Roman History Part One
Roman history begins in a small village in central Italy; this unassuming village would grow into a small metropolis, conquer and control all of Italy, southern Europe, the Middle East, and Egypt, and find itself, by the start of AD time, the most powerful and largest empire in the world. They managed what no other people had managed before the ruled the entire world under a single administration for a considerable amount of time. This imperial rule, which extended from Great Britain to Egypt, from Spain to Mesopotamia, was a period of remarkable peace. The Romans would look to their empire as the instrument that brought law and justice to the rest of the world; in some sense, the relative peace and stability they Brought to the world did support this view.

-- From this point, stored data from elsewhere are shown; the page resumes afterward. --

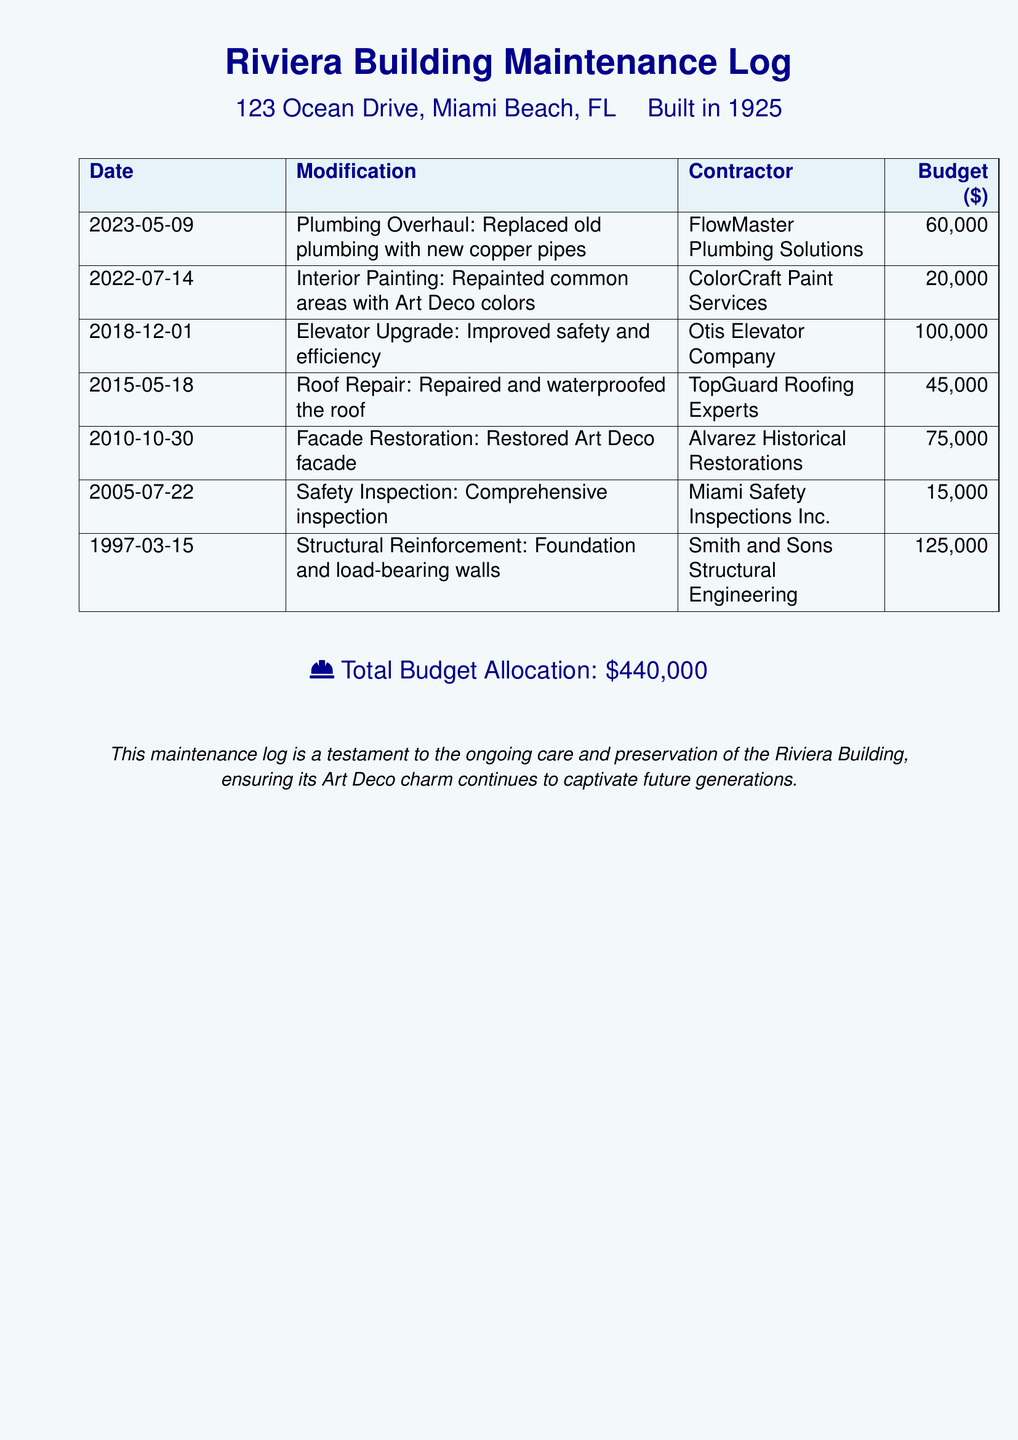What date was the plumbing overhaul completed? The date for the plumbing overhaul is listed under the Date column for that specific entry.
Answer: 2023-05-09 Which contractor performed the facade restoration? The contractor responsible for the facade restoration can be found in the corresponding entry in the document.
Answer: Alvarez Historical Restorations How much was the budget for the elevator upgrade? The budget for the elevator upgrade is provided in the specified row for that modification.
Answer: 100,000 What was the total budget allocation? The total budget allocation is summarized at the end of the document, indicating the overall expenditure for maintenance.
Answer: 440,000 How many years separate the structural reinforcement and the plumbing overhaul? Evaluating the dates of both entries reveals the number of years between them.
Answer: 26 What type of modification was made on July 14, 2022? The modification on that date is categorized specifically under the type listed next to it.
Answer: Interior Painting Which safety inspection company conducted the inspection in 2005? The document specifies the company responsible for the safety inspection in the corresponding entry.
Answer: Miami Safety Inspections Inc Which modification has the highest budget allocation? The entry with the highest budget allocation can be identified by comparing the budget numbers in the table.
Answer: Structural Reinforcement What year was the roof repair done? The year for the roof repair can be found in its respective entry within the log.
Answer: 2015 
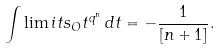Convert formula to latex. <formula><loc_0><loc_0><loc_500><loc_500>\int \lim i t s _ { O } t ^ { q ^ { n } } \, d t = - \frac { 1 } { [ n + 1 ] } .</formula> 
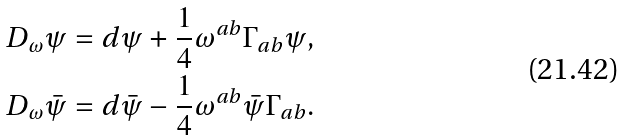<formula> <loc_0><loc_0><loc_500><loc_500>D _ { \omega } \psi & = d \psi + \frac { 1 } { 4 } \omega ^ { a b } \Gamma _ { a b } \psi , \\ D _ { \omega } \bar { \psi } & = d \bar { \psi } - \frac { 1 } { 4 } \omega ^ { a b } \bar { \psi } \Gamma _ { a b } .</formula> 
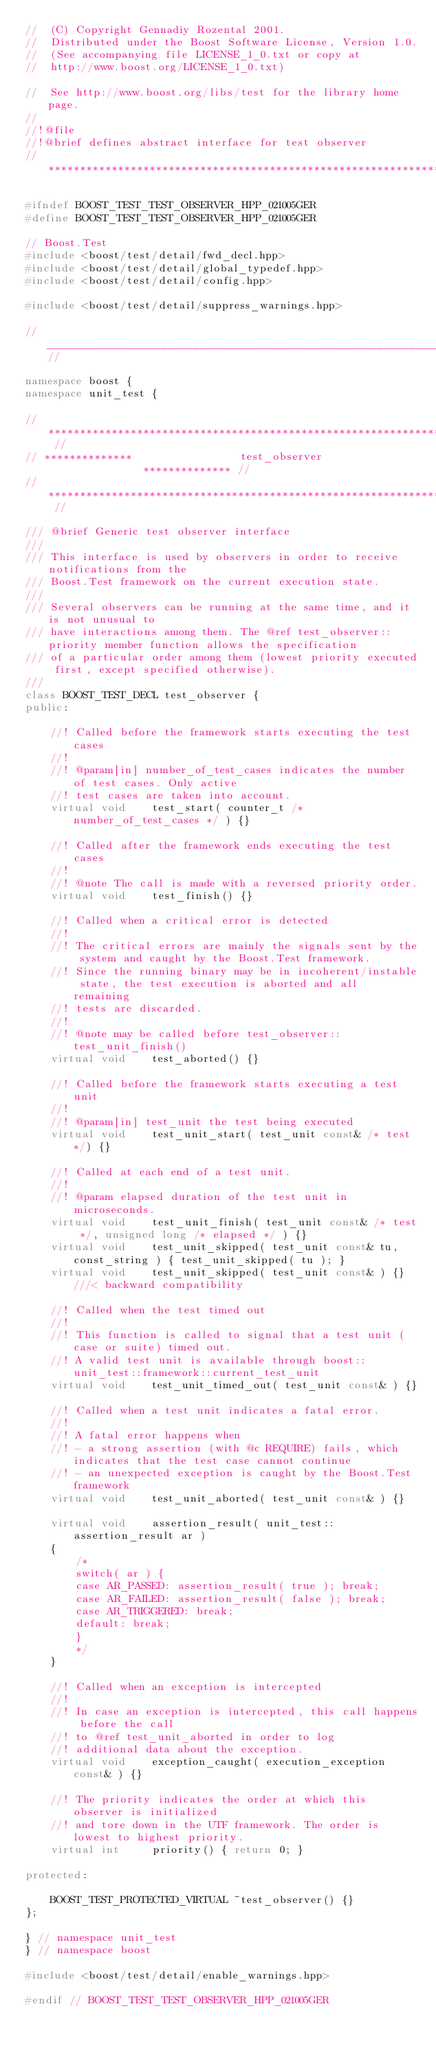<code> <loc_0><loc_0><loc_500><loc_500><_C++_>//  (C) Copyright Gennadiy Rozental 2001.
//  Distributed under the Boost Software License, Version 1.0.
//  (See accompanying file LICENSE_1_0.txt or copy at
//  http://www.boost.org/LICENSE_1_0.txt)

//  See http://www.boost.org/libs/test for the library home page.
//
//!@file
//!@brief defines abstract interface for test observer
// ***************************************************************************

#ifndef BOOST_TEST_TEST_OBSERVER_HPP_021005GER
#define BOOST_TEST_TEST_OBSERVER_HPP_021005GER

// Boost.Test
#include <boost/test/detail/fwd_decl.hpp>
#include <boost/test/detail/global_typedef.hpp>
#include <boost/test/detail/config.hpp>

#include <boost/test/detail/suppress_warnings.hpp>

//____________________________________________________________________________//

namespace boost {
namespace unit_test {

// ************************************************************************** //
// **************                 test_observer                ************** //
// ************************************************************************** //

/// @brief Generic test observer interface
///
/// This interface is used by observers in order to receive notifications from the
/// Boost.Test framework on the current execution state.
///
/// Several observers can be running at the same time, and it is not unusual to
/// have interactions among them. The @ref test_observer::priority member function allows the specification
/// of a particular order among them (lowest priority executed first, except specified otherwise).
///
class BOOST_TEST_DECL test_observer {
public:

    //! Called before the framework starts executing the test cases
    //!
    //! @param[in] number_of_test_cases indicates the number of test cases. Only active
    //! test cases are taken into account.
    virtual void    test_start( counter_t /* number_of_test_cases */ ) {}

    //! Called after the framework ends executing the test cases
    //!
    //! @note The call is made with a reversed priority order.
    virtual void    test_finish() {}

    //! Called when a critical error is detected
    //!
    //! The critical errors are mainly the signals sent by the system and caught by the Boost.Test framework.
    //! Since the running binary may be in incoherent/instable state, the test execution is aborted and all remaining
    //! tests are discarded.
    //!
    //! @note may be called before test_observer::test_unit_finish()
    virtual void    test_aborted() {}

    //! Called before the framework starts executing a test unit
    //!
    //! @param[in] test_unit the test being executed
    virtual void    test_unit_start( test_unit const& /* test */) {}

    //! Called at each end of a test unit.
    //!
    //! @param elapsed duration of the test unit in microseconds.
    virtual void    test_unit_finish( test_unit const& /* test */, unsigned long /* elapsed */ ) {}
    virtual void    test_unit_skipped( test_unit const& tu, const_string ) { test_unit_skipped( tu ); }
    virtual void    test_unit_skipped( test_unit const& ) {} ///< backward compatibility

    //! Called when the test timed out
    //!
    //! This function is called to signal that a test unit (case or suite) timed out.
    //! A valid test unit is available through boost::unit_test::framework::current_test_unit
    virtual void    test_unit_timed_out( test_unit const& ) {}

    //! Called when a test unit indicates a fatal error.
    //!
    //! A fatal error happens when
    //! - a strong assertion (with @c REQUIRE) fails, which indicates that the test case cannot continue
    //! - an unexpected exception is caught by the Boost.Test framework
    virtual void    test_unit_aborted( test_unit const& ) {}

    virtual void    assertion_result( unit_test::assertion_result ar )
    {
        /*
        switch( ar ) {
        case AR_PASSED: assertion_result( true ); break;
        case AR_FAILED: assertion_result( false ); break;
        case AR_TRIGGERED: break;
        default: break;
        }
        */
    }

    //! Called when an exception is intercepted
    //!
    //! In case an exception is intercepted, this call happens before the call
    //! to @ref test_unit_aborted in order to log
    //! additional data about the exception.
    virtual void    exception_caught( execution_exception const& ) {}

    //! The priority indicates the order at which this observer is initialized
    //! and tore down in the UTF framework. The order is lowest to highest priority.
    virtual int     priority() { return 0; }

protected:

    BOOST_TEST_PROTECTED_VIRTUAL ~test_observer() {}
};

} // namespace unit_test
} // namespace boost

#include <boost/test/detail/enable_warnings.hpp>

#endif // BOOST_TEST_TEST_OBSERVER_HPP_021005GER

</code>

They were, however, a military state, and they ruled over this vast territory by maintaining a strong military presence in subject countries. An immensely practical people, the Romans devoted much of their brilliance to military strategy and technology, administration, and law, all in support of the vast world government that they built.
Rome, however, was responsible for more than just military and administrative genius. Culturally, the Romans had a slight inferiority complex in regards to the Greeks, who had begun their city-states only a Few centuries before the rise of the Roman republic. The Romans, however, derived much of their culture from the Greeks: art, architecture, philosophy, and even religion. However, the Romans changed much of this culture, adapting it to their own particular worldview and practical needs. It is this changed Greek culture, which we call Graeco-Roman culture, that was handed down to the European civilizations in late antiquity and the Renaissance.
Our journey through this remarkable history begins with the land itself and the various peoples that inhabited it. Unlike most of the regions we've dealt with, Italy was a multicultural landscape that came to be dominated by this small village, Rome.